The word "Splash" marks the lines you need; copy each of them from the data.

---------- INPUT

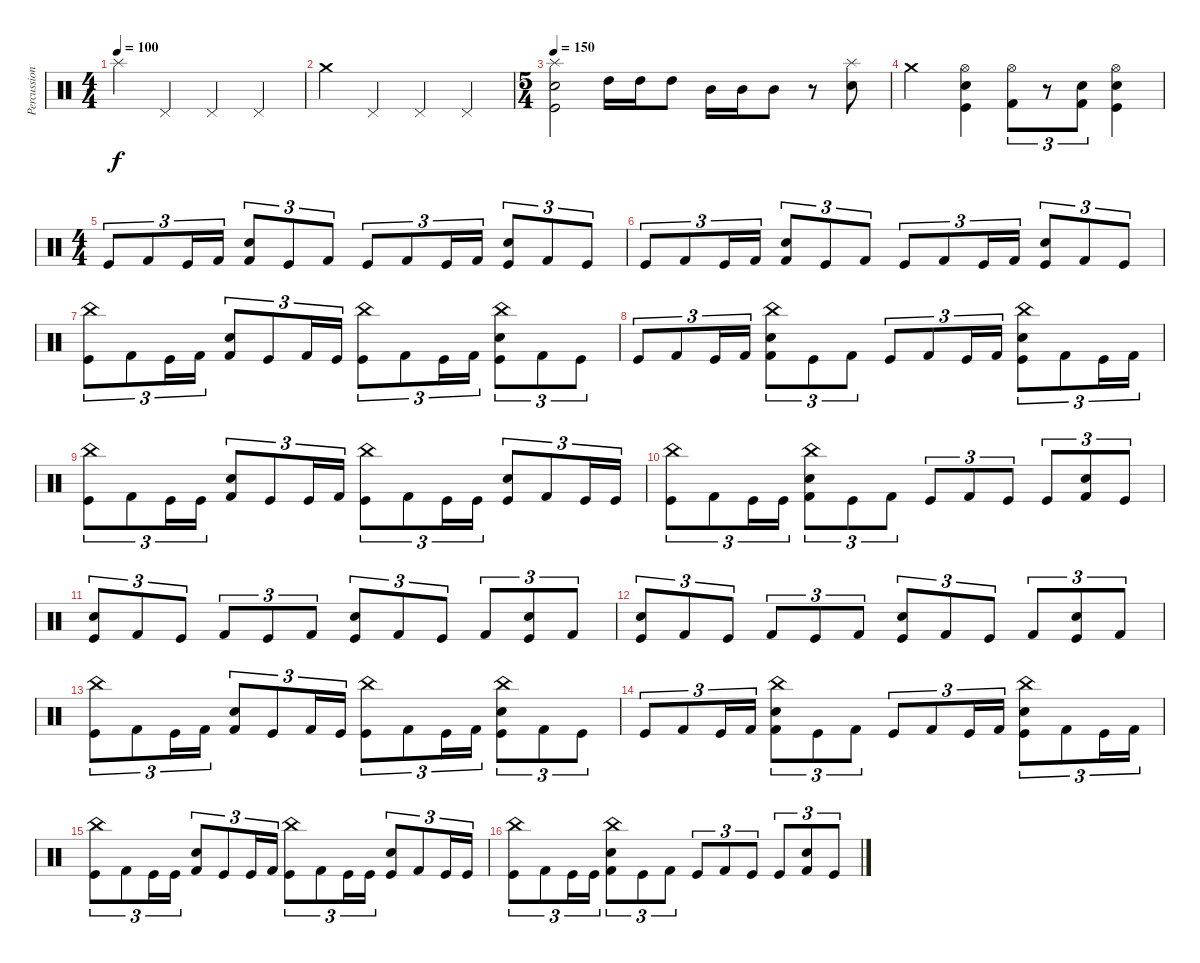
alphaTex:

\track ("Percussioni" "Percussion") {instrument percussion}
\staff {score}
\articulation defaults
\ts (4 4)
\tempo 100
\clef neutral
\ks c "Splash (hit)".4{dy f} "Pedal Hi-Hat (hit)".4 "Pedal Hi-Hat (hit)".4 "Pedal Hi-Hat (hit)".4
|
"Crash medium (hit)".4 "Pedal Hi-Hat (hit)".4 "Pedal Hi-Hat (hit)".4 "Pedal Hi-Hat (hit)".4 |
\ts (5 4)
\tempo 150
("Splash (hit)" "Snare (hit) 2" "Kick (hit)").2 "High Tom (hit)".16 "High Tom (hit)".16 "High Tom (hit)".8 "Mid Tom (hit)".16 "Mid Tom (hit)".16 "Mid Tom (hit)".8 r.8 ("Splash (hit)" "Snare (hit) 2").8 |
"Crash medium (hit)".2 ("Hi-Hat (open)" "Snare (hit) 2" "Kick (hit)").4 ("Hi-Hat (open)" "Kick (hit) 2").8{tu (3 2)} r.8{tu (3 2)} ("Snare (hit) 2" "Kick (hit) 2").8{tu (3 2)} ("Hi-Hat (open)" "Snare (hit) 2" "Kick (hit)").4 |
\ts (4 4)
"Kick (hit)".8{tu (3 2)} "Kick (hit) 2".8{tu (3 2)} "Kick (hit)".16{tu (3 2)} "Kick (hit) 2".16{tu (3 2)} ("Snare (hit) 2" "Kick (hit) 2").8{tu (3 2)} "Kick (hit)".8{tu (3 2)} "Kick (hit) 2".8{tu (3 2)} "Kick (hit)".8{tu (3 2)} "Kick (hit) 2".8{tu (3 2)} "Kick (hit)".16{tu (3 2)} "Kick (hit) 2".16{tu (3 2)} ("Snare (hit) 2" "Kick (hit)").8{tu (3 2)} "Kick (hit) 2".8{tu (3 2)} "Kick (hit)".8{tu (3 2)} |
"Kick (hit)".8{tu (3 2)} "Kick (hit) 2".8{tu (3 2)} "Kick (hit)".16{tu (3 2)} "Kick (hit) 2".16{tu (3 2)} ("Snare (hit) 2" "Kick (hit) 2").8{tu (3 2)} "Kick (hit)".8{tu (3 2)} "Kick (hit) 2".8{tu (3 2)} "Kick (hit)".8{tu (3 2)} "Kick (hit) 2".8{tu (3 2)} "Kick (hit)".16{tu (3 2)} "Kick (hit) 2".16{tu (3 2)} ("Snare (hit) 2" "Kick (hit)").8{tu (3 2)} "Kick (hit) 2".8{tu (3 2)} "Kick (hit)".8{tu (3 2)} |
("China (hit)" "Kick (hit)").8{tu (3 2)} "Kick (hit) 2".8{tu (3 2)} "Kick (hit)".16{tu (3 2)} "Kick (hit) 2".16{tu (3 2)} ("Snare (hit) 2" "Kick (hit) 2").8{tu (3 2)} "Kick (hit)".8{tu (3 2)} "Kick (hit) 2".16{tu (3 2)} "Kick (hit)".16{tu (3 2)} ("China (hit)" "Kick (hit)").8{tu (3 2)} "Kick (hit) 2".8{tu (3 2)} "Kick (hit)".16{tu (3 2)} "Kick (hit) 2".16{tu (3 2)} ("China (hit)" "Snare (hit) 2" "Kick (hit)").8{tu (3 2)} "Kick (hit) 2".8{tu (3 2)} "Kick (hit)".8{tu (3 2)} |
"Kick (hit)".8{tu (3 2)} "Kick (hit) 2".8{tu (3 2)} "Kick (hit)".16{tu (3 2)} "Kick (hit) 2".16{tu (3 2)} ("China (hit)" "Snare (hit) 2" "Kick (hit) 2").8{tu (3 2)} "Kick (hit)".8{tu (3 2)} "Kick (hit) 2".8{tu (3 2)} "Kick (hit)".8{tu (3 2)} "Kick (hit) 2".8{tu (3 2)} "Kick (hit)".16{tu (3 2)} "Kick (hit) 2".16{tu (3 2)} ("China (hit)" "Snare (hit) 2" "Kick (hit)").8{tu (3 2)} "Kick (hit) 2".8{tu (3 2)} "Kick (hit)".16{tu (3 2)} "Kick (hit) 2".16{tu (3 2)} |
("China (hit)" "Kick (hit)").8{tu (3 2)} "Kick (hit) 2".8{tu (3 2)} "Kick (hit)".16{tu (3 2)} "Kick (hit)".16{tu (3 2)} ("Snare (hit) 2" "Kick (hit) 2").8{tu (3 2)} "Kick (hit)".8{tu (3 2)} "Kick (hit)".16{tu (3 2)} "Kick (hit) 2".16{tu (3 2)} ("China (hit)" "Kick (hit)").8{tu (3 2)} "Kick (hit) 2".8{tu (3 2)} "Kick (hit)".16{tu (3 2)} "Kick (hit)".16{tu (3 2)} ("Snare (hit) 2" "Kick (hit)").8{tu (3 2)} "Kick (hit) 2".8{tu (3 2)} "Kick (hit)".16{tu (3 2)} "Kick (hit)".16{tu (3 2)} |
("China (hit)" "Kick (hit)").8{tu (3 2)} "Kick (hit) 2".8{tu (3 2)} "Kick (hit)".16{tu (3 2)} "Kick (hit)".16{tu (3 2)} ("China (hit)" "Snare (hit) 2" "Kick (hit) 2").8{tu (3 2)} "Kick (hit)".8{tu (3 2)} "Kick (hit) 2".8{tu (3 2)} "Kick (hit)".8{tu (3 2)} "Kick (hit) 2".8{tu (3 2)} "Kick (hit)".8{tu (3 2)} "Kick (hit)".8{tu (3 2)} ("Snare (hit) 2" "Kick (hit) 2").8{tu (3 2)} "Kick (hit)".8{tu (3 2)} |
("Snare (hit) 2" "Kick (hit)").8{tu (3 2)} "Kick (hit) 2".8{tu (3 2)} "Kick (hit)".8{tu (3 2)} "Kick (hit) 2".8{tu (3 2)} "Kick (hit)".8{tu (3 2)} "Kick (hit) 2".8{tu (3 2)} ("Snare (hit) 2" "Kick (hit)").8{tu (3 2)} "Kick (hit) 2".8{tu (3 2)} "Kick (hit)".8{tu (3 2)} "Kick (hit) 2".8{tu (3 2)} ("Snare (hit) 2" "Kick (hit)").8{tu (3 2)} "Kick (hit) 2".8{tu (3 2)} |
("Snare (hit) 2" "Kick (hit)").8{tu (3 2)} "Kick (hit) 2".8{tu (3 2)} "Kick (hit)".8{tu (3 2)} "Kick (hit) 2".8{tu (3 2)} "Kick (hit)".8{tu (3 2)} "Kick (hit) 2".8{tu (3 2)} ("Snare (hit) 2" "Kick (hit)").8{tu (3 2)} "Kick (hit) 2".8{tu (3 2)} "Kick (hit)".8{tu (3 2)} "Kick (hit) 2".8{tu (3 2)} ("Snare (hit) 2" "Kick (hit)").8{tu (3 2)} "Kick (hit) 2".8{tu (3 2)} |
("China (hit)" "Kick (hit)").8{tu (3 2)} "Kick (hit) 2".8{tu (3 2)} "Kick (hit)".16{tu (3 2)} "Kick (hit) 2".16{tu (3 2)} ("Snare (hit) 2" "Kick (hit) 2").8{tu (3 2)} "Kick (hit)".8{tu (3 2)} "Kick (hit) 2".16{tu (3 2)} "Kick (hit)".16{tu (3 2)} ("China (hit)" "Kick (hit)").8{tu (3 2)} "Kick (hit) 2".8{tu (3 2)} "Kick (hit)".16{tu (3 2)} "Kick (hit) 2".16{tu (3 2)} ("China (hit)" "Snare (hit) 2" "Kick (hit)").8{tu (3 2)} "Kick (hit) 2".8{tu (3 2)} "Kick (hit)".8{tu (3 2)} |
"Kick (hit)".8{tu (3 2)} "Kick (hit) 2".8{tu (3 2)} "Kick (hit)".16{tu (3 2)} "Kick (hit) 2".16{tu (3 2)} ("China (hit)" "Snare (hit) 2" "Kick (hit) 2").8{tu (3 2)} "Kick (hit)".8{tu (3 2)} "Kick (hit) 2".8{tu (3 2)} "Kick (hit)".8{tu (3 2)} "Kick (hit) 2".8{tu (3 2)} "Kick (hit)".16{tu (3 2)} "Kick (hit) 2".16{tu (3 2)} ("China (hit)" "Snare (hit) 2" "Kick (hit)").8{tu (3 2)} "Kick (hit) 2".8{tu (3 2)} "Kick (hit)".16{tu (3 2)} "Kick (hit) 2".16{tu (3 2)} |
("China (hit)" "Kick (hit)").8{tu (3 2)} "Kick (hit) 2".8{tu (3 2)} "Kick (hit)".16{tu (3 2)} "Kick (hit)".16{tu (3 2)} ("Snare (hit) 2" "Kick (hit) 2").8{tu (3 2)} "Kick (hit)".8{tu (3 2)} "Kick (hit)".16{tu (3 2)} "Kick (hit) 2".16{tu (3 2)} ("China (hit)" "Kick (hit)").8{tu (3 2)} "Kick (hit) 2".8{tu (3 2)} "Kick (hit)".16{tu (3 2)} "Kick (hit)".16{tu (3 2)} ("Snare (hit) 2" "Kick (hit)").8{tu (3 2)} "Kick (hit) 2".8{tu (3 2)} "Kick (hit)".16{tu (3 2)} "Kick (hit)".16{tu (3 2)} |
("China (hit)" "Kick (hit)").8{tu (3 2)} "Kick (hit) 2".8{tu (3 2)} "Kick (hit)".16{tu (3 2)} "Kick (hit)".16{tu (3 2)} ("China (hit)" "Snare (hit) 2" "Kick (hit) 2").8{tu (3 2)} "Kick (hit)".8{tu (3 2)} "Kick (hit) 2".8{tu (3 2)} "Kick (hit)".8{tu (3 2)} "Kick (hit) 2".8{tu (3 2)} "Kick (hit)".8{tu (3 2)} "Kick (hit)".8{tu (3 2)} ("Snare (hit) 2" "Kick (hit) 2").8{tu (3 2)} "Kick (hit)".8{tu (3 2)}

--------------------

RESULT OF THE EXERCISE
\ks c "Splash (hit)".4{dy f} "Pedal Hi-Hat (hit)".4 "Pedal Hi-Hat (hit)".4 "Pedal Hi-Hat (hit)".4
("Splash (hit)" "Snare (hit) 2" "Kick (hit)").2 "High Tom (hit)".16 "High Tom (hit)".16 "High Tom (hit)".8 "Mid Tom (hit)".16 "Mid Tom (hit)".16 "Mid Tom (hit)".8 r.8 ("Splash (hit)" "Snare (hit) 2").8 |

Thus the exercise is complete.